I saw a tweet recently from a medical resident training at another hospital that really hit home for me: “In response to a rumor that health care workers who treat COVID patients will be prioritized for vaccination in our health system, one of my co-residents asked unironically, ‘Does that include us?’”
“Resident” is a word coined in the twentieth century when physicians in training often physically lived (“resided”) at the hospital. At the medical center where I work, there are nearly 200 of us, and although we no longer live at the hospital full-time, it can often feel like we do. A sizable contingent of us are always here, staffing nearly every department; no matter what time of day, when someone arrives at the hospital needing treatment, a resident is almost always the doctor they will meet first.
Complaining about demanding schedules and onerous workloads is something residents have always done, almost as a way of bragging — see how tough and dedicated we are? But, that said, we still have some legitimate concerns in these areas, especially regarding compensation.
Many of us have graduated medical school saddled with $200,000 and more worth of debt, facing at least three years where we are unable to barely make a dent in reducing it. We accept our modest salaries, understanding that our training, supervision, and insurance coverage also form part of our compensation. Still, to be paid approximately $16 an hour for demanding, very intense work that involves overnights, weekends, and holidays, without any possibility of negotiations, seems like a tradition from the past that badly needs re-thinking, particularly in a time of the pandemic.

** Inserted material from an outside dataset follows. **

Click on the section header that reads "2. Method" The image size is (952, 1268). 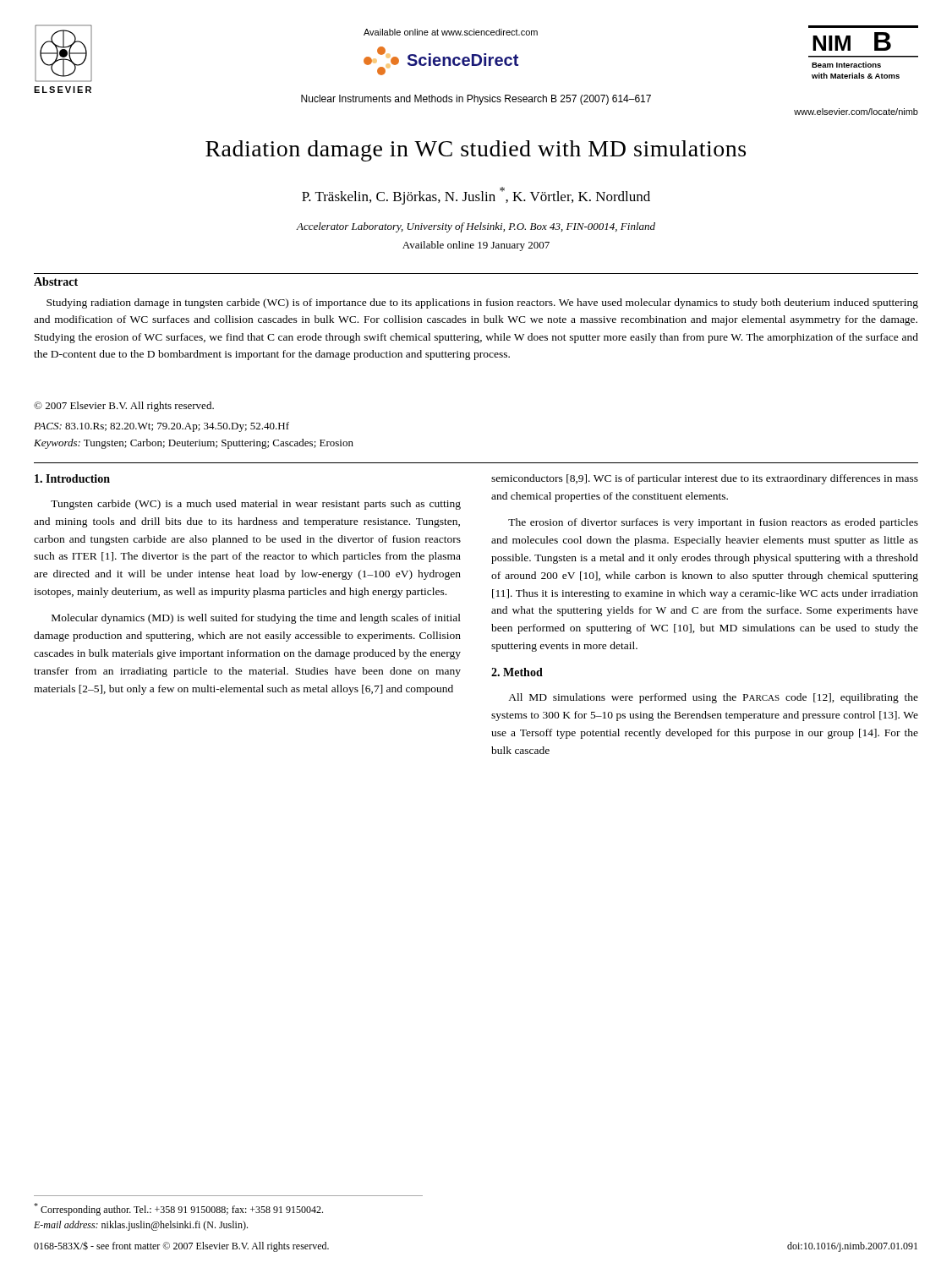517,673

The unprecedented demands of dealing with COVID-19 have impacted everyone in health care, but let me concentrate for a moment on what it’s done to residents like myself. During the early days last spring, we were either told to stay ready on backup duty as a kind of emergency reserve or deployed directly to the hospital’s front lines.

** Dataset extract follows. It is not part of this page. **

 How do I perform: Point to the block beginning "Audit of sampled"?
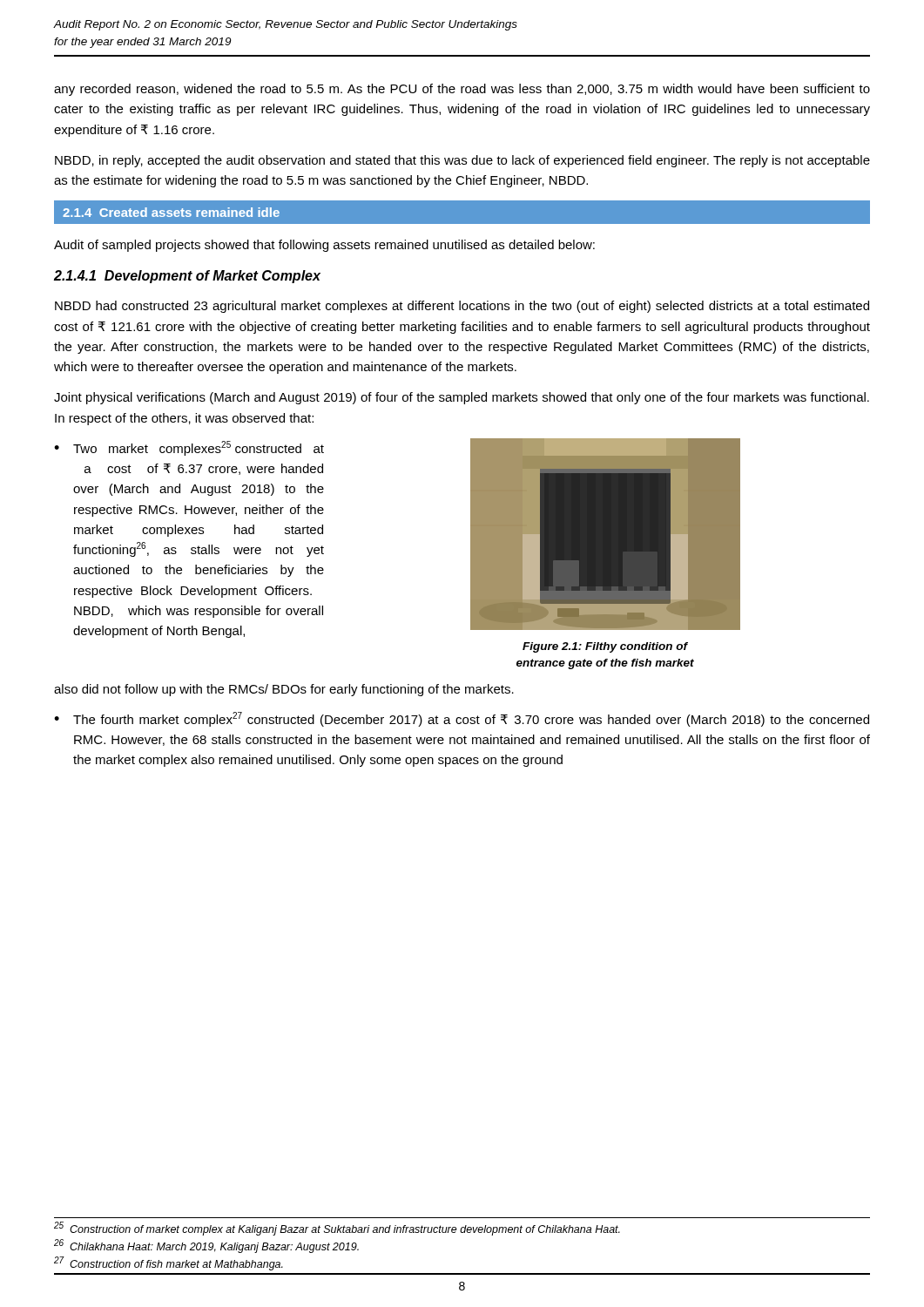click(462, 245)

Once there, we risked multiple exposures to patients with symptoms suggestive of coronavirus, often without being issued the proper protective gear. Despite public CDC guidelines that stated otherwise, we were often told by employee health departments to adopt a “mask and monitor” approach after confirmed high-risk exposures — a risky strategy, to say the least.

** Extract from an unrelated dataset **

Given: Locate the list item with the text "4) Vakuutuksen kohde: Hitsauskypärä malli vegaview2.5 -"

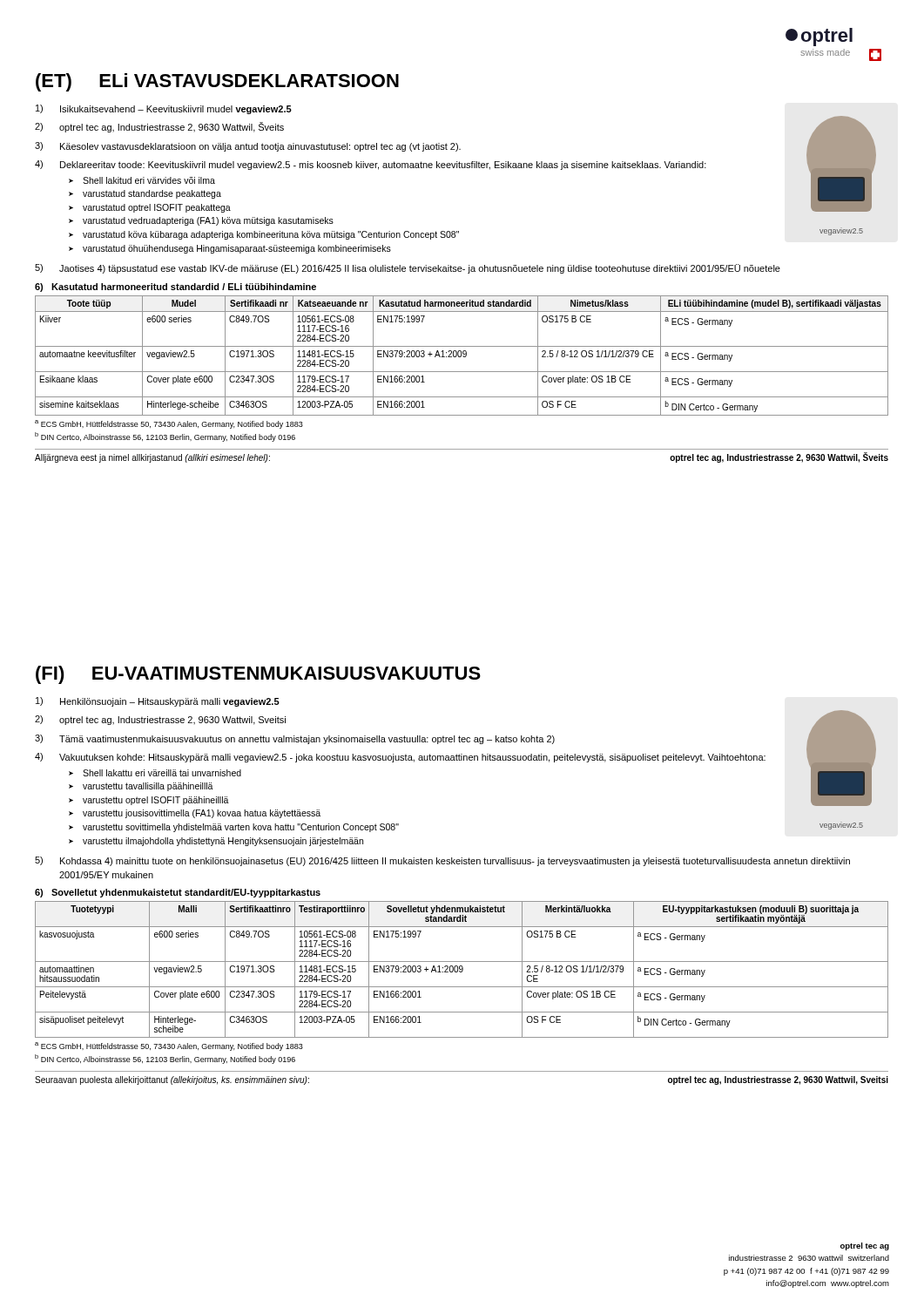Looking at the screenshot, I should click(400, 758).

With little access to rapid testing, it was impossible to know whether we were infected (and infectious) at any given time, so we could no longer guarantee a doctor’s fundamental commitment to “do no harm” as we rounded on our hospitalized patients — and this fundamental uncertainty continues even now.
The patient care we provide to our patients has become harder and harder throughout the year, not just because of conditions inside the hospital or our patients’ needs. Our children are often at home instead of in school; some of us have health conditions that put us at risk; like everyone, we’re worried for our parents and grandparents; with inflexible schedules, we often can’t arrange to quarantine safely.
Speaking personally, I was buoyed in the pandemic’s early days by the sense I was one of those “heroes” who did their share merely by showing up for work every day. Sadly, the events of 2020 have gradually eroded this feeling. As we fought to protect patients from the assaults of the virus, we witnessed an election where nearly 75 million Americans voted for a president whose every action seemed intent on spreading the virus even further. Even worse, seeing so many people flouting guidelines on mask-wearing and social distancing makes us question whether or not we’re wasting our time.
But I’ll ask another, closer-to-home question here. Were medical residents like myself naive to believe that our hospital employers would do everything they could to protect us?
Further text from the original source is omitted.